EXTRACTED INFORMATION

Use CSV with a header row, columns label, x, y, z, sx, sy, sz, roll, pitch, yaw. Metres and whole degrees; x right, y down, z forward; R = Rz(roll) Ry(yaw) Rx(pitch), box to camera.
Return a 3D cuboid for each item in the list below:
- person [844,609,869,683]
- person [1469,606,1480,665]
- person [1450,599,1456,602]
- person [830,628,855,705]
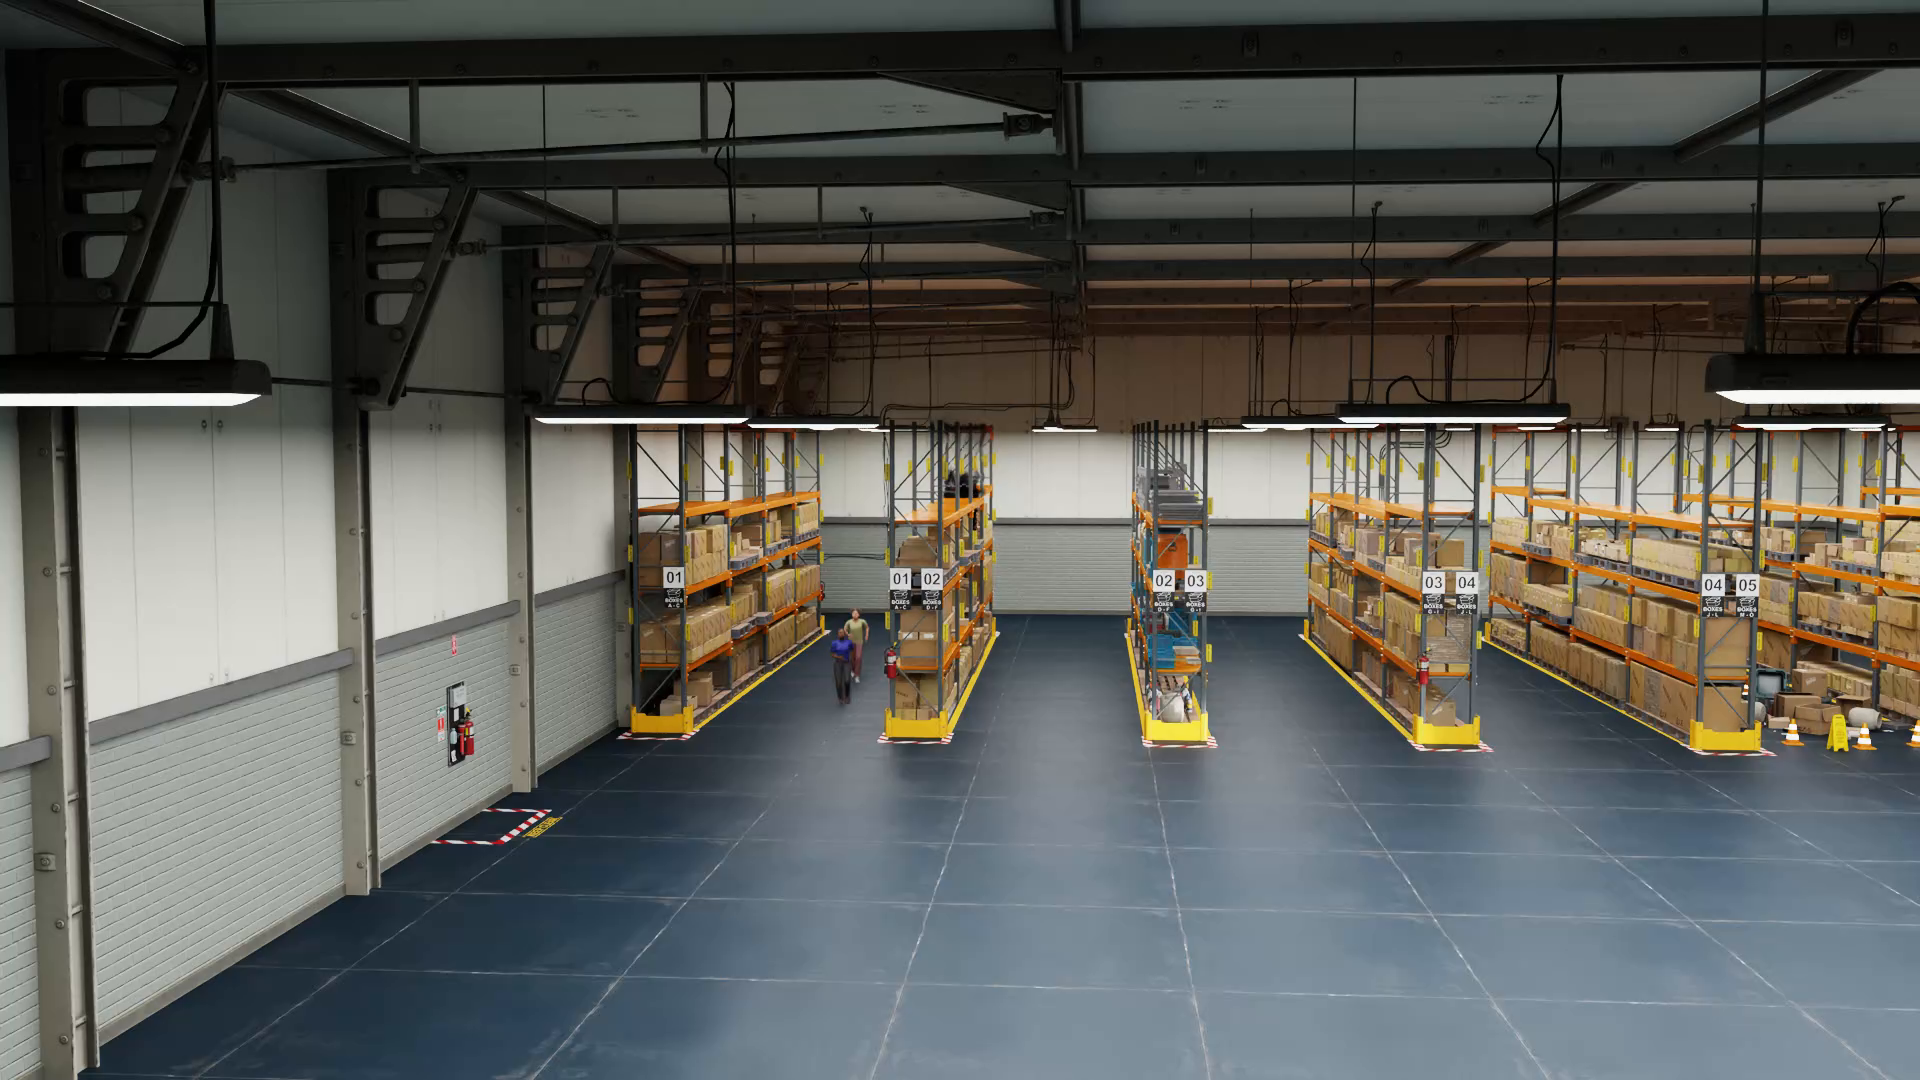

WHAT YOU WILL DO
Print each entry above exactly. The pictures should not be printed.

ANSWER SPACE
Use CSV with a header row, columns label, x, y, z, sx, sy, sz, roll, pitch, yaw. Metres and whole degrees; x right, y down, z forward; R = Rz(roll) Ry(yaw) Rx(pitch), box to camera.
Return a 3D cuboid for each item in the list below:
- person [844,609,869,683]
- person [1469,606,1480,665]
- person [1450,599,1456,602]
- person [830,628,855,705]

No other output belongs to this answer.